- Data for analysis -

Content starts

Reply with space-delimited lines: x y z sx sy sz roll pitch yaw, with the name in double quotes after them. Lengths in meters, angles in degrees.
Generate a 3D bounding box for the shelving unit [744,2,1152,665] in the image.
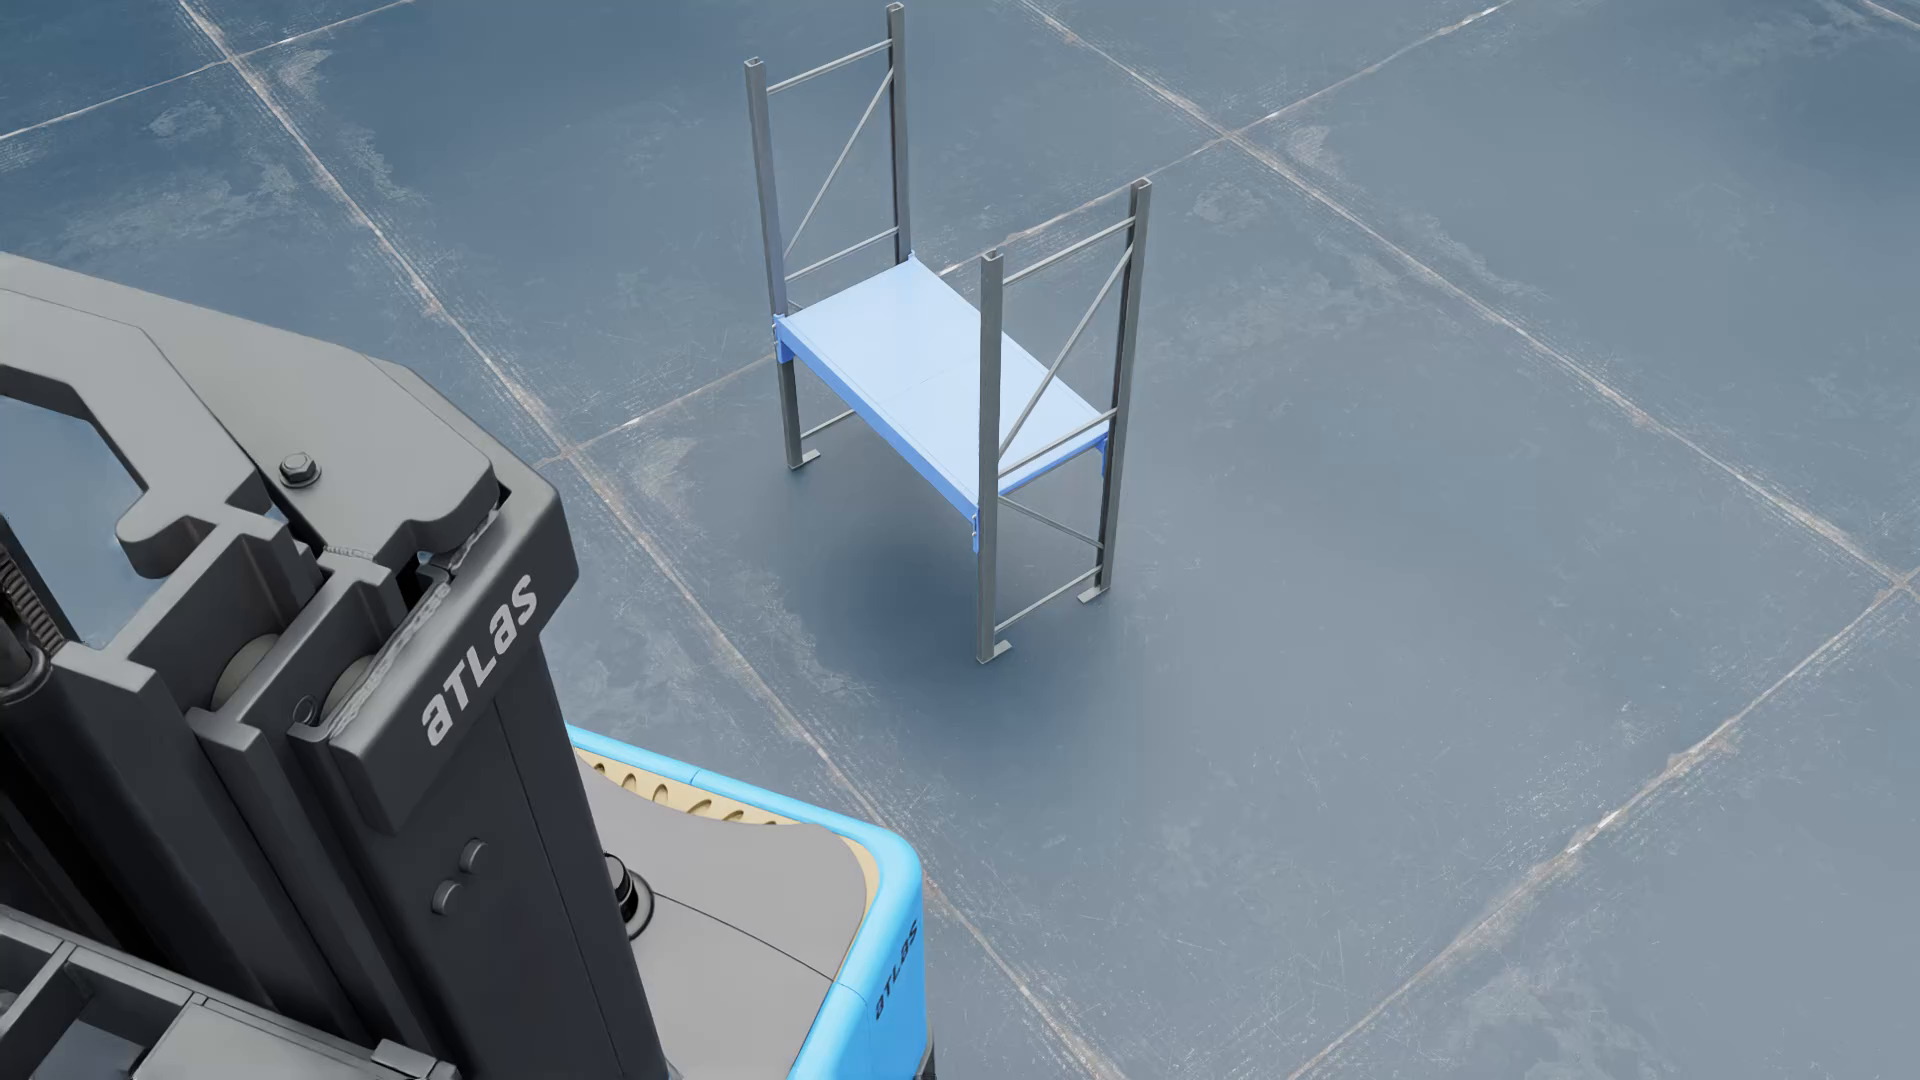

Content ends
Content starts

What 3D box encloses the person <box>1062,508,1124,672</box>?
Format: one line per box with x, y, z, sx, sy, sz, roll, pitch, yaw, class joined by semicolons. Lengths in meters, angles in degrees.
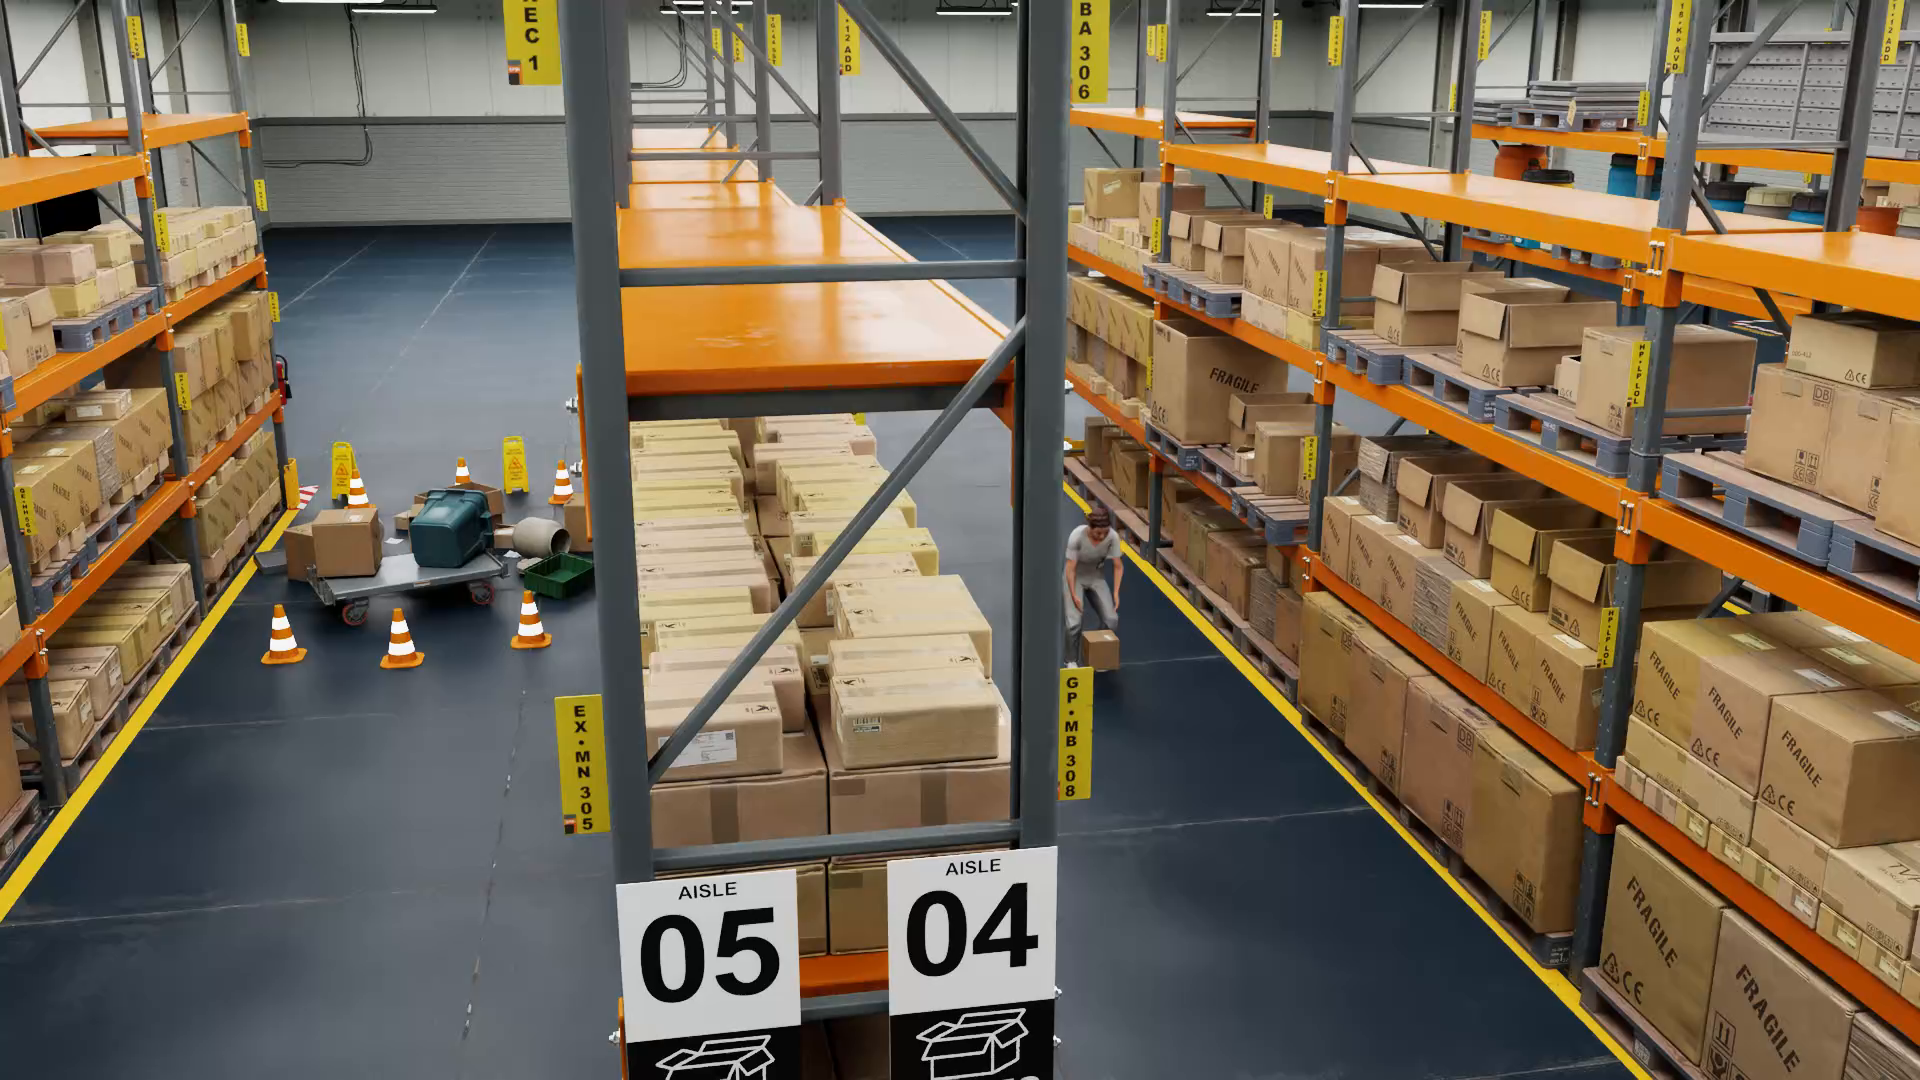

Content ends

- About this task -
In the data above, which lines lie between the line with "What 3D box" and the line with "Format: one line", inclusive? Print those lines exactly and nothing else.

- Expected answer -
What 3D box encloses the person <box>1062,508,1124,672</box>?
Format: one line per box with x, y, z, sx, sy, sz, roll, pitch, yaw, class joined by semicolons. Lengths in meters, angles in degrees.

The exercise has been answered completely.